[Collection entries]
[Start of section]

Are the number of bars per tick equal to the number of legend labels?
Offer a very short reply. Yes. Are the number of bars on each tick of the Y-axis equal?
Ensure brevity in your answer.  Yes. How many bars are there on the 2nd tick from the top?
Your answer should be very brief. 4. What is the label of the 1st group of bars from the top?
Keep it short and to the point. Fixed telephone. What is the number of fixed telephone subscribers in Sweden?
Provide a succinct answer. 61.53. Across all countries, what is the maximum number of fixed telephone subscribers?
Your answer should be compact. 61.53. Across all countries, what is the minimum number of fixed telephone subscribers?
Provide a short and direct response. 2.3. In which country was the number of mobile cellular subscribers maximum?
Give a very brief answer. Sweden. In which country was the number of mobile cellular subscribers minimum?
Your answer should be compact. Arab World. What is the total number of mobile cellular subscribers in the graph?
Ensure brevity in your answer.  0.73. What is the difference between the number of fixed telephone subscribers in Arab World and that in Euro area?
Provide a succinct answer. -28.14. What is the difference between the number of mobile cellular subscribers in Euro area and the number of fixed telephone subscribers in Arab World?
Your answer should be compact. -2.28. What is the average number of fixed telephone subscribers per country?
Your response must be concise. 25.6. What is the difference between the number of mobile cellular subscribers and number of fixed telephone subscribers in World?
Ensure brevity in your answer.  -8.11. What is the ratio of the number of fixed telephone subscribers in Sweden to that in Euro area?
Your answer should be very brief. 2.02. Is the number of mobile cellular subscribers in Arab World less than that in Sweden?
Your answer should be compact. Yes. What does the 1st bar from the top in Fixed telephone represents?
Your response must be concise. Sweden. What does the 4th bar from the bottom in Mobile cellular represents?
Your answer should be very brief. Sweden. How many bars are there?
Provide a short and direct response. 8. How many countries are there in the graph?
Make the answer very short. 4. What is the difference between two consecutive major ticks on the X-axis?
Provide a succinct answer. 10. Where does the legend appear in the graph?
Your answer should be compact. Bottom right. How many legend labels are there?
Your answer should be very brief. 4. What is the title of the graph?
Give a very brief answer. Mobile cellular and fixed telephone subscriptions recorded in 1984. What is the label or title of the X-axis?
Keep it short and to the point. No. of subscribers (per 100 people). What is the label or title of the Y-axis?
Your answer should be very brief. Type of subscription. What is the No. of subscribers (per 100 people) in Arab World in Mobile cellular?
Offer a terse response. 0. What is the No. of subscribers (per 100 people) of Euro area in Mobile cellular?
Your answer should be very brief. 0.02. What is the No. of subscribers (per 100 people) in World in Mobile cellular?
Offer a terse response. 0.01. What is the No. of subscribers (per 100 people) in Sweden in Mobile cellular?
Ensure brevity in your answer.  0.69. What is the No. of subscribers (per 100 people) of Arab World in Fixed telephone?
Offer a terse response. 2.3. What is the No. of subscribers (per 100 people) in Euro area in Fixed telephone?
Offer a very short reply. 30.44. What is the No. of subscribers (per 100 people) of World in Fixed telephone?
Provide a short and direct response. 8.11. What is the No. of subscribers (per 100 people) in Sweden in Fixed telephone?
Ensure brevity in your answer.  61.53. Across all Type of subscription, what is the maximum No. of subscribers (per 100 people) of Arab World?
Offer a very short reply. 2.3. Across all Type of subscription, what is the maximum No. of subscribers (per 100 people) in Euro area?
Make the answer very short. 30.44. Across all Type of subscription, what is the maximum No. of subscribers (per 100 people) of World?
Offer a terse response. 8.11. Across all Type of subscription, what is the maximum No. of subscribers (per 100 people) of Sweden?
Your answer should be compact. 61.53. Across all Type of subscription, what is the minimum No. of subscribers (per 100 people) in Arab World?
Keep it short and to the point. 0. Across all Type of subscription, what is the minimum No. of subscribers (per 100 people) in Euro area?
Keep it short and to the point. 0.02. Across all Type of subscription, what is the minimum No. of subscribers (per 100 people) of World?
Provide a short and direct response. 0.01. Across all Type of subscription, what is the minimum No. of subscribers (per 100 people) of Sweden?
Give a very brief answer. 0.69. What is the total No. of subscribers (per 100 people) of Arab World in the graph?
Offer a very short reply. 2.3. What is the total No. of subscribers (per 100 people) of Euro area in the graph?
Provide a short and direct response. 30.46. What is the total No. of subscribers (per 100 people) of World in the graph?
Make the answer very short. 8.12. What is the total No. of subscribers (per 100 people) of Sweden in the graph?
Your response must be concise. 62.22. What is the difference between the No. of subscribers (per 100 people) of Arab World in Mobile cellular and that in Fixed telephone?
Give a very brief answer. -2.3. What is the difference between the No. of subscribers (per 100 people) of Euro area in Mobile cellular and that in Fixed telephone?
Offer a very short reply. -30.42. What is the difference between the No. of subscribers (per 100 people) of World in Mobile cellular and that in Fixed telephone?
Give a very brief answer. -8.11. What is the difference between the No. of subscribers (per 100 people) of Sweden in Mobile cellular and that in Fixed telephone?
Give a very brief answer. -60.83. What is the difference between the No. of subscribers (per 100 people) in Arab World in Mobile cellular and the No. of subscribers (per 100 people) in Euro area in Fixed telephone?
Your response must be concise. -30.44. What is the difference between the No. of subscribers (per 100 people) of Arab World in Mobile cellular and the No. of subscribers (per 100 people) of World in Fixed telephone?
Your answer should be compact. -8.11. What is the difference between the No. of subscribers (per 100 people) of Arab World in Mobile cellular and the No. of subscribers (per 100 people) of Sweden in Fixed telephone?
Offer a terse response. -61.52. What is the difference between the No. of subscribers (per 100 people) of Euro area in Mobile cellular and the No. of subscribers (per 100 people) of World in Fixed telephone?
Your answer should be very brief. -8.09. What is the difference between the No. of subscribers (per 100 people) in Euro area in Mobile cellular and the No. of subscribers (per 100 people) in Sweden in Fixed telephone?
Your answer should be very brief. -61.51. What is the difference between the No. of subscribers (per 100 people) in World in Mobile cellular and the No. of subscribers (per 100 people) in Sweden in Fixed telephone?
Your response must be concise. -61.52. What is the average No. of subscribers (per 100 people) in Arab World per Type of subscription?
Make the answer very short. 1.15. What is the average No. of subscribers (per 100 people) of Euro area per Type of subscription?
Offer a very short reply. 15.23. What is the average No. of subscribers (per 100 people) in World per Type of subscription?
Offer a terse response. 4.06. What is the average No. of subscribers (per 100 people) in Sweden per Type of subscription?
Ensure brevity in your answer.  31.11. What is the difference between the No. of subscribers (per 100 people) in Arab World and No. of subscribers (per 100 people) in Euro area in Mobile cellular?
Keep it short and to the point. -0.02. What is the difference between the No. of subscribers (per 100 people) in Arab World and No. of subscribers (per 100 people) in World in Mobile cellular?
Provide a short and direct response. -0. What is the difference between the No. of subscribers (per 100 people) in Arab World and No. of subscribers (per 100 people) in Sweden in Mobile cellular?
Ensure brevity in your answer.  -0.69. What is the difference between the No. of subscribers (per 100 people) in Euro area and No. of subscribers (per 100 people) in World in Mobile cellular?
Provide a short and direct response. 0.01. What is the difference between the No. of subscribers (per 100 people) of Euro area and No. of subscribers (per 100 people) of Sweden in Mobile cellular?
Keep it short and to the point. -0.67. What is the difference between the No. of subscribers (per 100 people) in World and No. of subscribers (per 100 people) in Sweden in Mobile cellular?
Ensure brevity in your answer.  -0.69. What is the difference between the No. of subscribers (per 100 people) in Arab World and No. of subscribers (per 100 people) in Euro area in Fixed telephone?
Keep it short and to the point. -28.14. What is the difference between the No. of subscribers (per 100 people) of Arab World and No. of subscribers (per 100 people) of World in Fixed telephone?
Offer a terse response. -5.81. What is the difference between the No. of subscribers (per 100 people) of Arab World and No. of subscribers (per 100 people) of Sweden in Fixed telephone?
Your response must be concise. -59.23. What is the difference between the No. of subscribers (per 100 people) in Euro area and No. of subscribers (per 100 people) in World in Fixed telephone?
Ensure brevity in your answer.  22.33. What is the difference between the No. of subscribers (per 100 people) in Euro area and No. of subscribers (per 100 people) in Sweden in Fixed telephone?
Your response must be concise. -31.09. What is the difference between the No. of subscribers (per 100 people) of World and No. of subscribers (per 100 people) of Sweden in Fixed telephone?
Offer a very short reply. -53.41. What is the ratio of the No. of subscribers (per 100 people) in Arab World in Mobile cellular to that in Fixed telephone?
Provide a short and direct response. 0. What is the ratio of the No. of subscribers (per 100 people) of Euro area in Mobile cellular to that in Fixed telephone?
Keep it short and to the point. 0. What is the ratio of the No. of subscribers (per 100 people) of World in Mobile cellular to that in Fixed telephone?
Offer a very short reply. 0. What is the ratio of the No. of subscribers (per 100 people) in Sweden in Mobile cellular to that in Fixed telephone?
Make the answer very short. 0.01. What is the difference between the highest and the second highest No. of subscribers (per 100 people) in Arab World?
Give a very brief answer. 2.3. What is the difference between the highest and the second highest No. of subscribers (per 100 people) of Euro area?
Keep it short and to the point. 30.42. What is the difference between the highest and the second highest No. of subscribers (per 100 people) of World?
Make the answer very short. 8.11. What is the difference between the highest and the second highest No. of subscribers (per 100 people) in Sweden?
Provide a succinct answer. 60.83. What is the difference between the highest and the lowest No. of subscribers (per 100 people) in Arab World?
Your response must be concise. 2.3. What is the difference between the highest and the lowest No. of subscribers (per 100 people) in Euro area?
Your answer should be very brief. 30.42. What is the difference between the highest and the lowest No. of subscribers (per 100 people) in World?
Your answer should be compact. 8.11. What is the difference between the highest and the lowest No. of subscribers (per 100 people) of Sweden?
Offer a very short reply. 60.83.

[End of section]

Among the records above, extract exactly the lines from the line with "Offer a very short reply. Yes." to the line with "Your answer should be compact. Arab", both lines included, and leave out the rest.

Solved problem:
Offer a very short reply. Yes. Are the number of bars on each tick of the Y-axis equal?
Ensure brevity in your answer.  Yes. How many bars are there on the 2nd tick from the top?
Your answer should be very brief. 4. What is the label of the 1st group of bars from the top?
Keep it short and to the point. Fixed telephone. What is the number of fixed telephone subscribers in Sweden?
Provide a succinct answer. 61.53. Across all countries, what is the maximum number of fixed telephone subscribers?
Your answer should be compact. 61.53. Across all countries, what is the minimum number of fixed telephone subscribers?
Provide a short and direct response. 2.3. In which country was the number of mobile cellular subscribers maximum?
Give a very brief answer. Sweden. In which country was the number of mobile cellular subscribers minimum?
Your answer should be compact. Arab World. What is the total number of mobile cellular subscribers in the graph?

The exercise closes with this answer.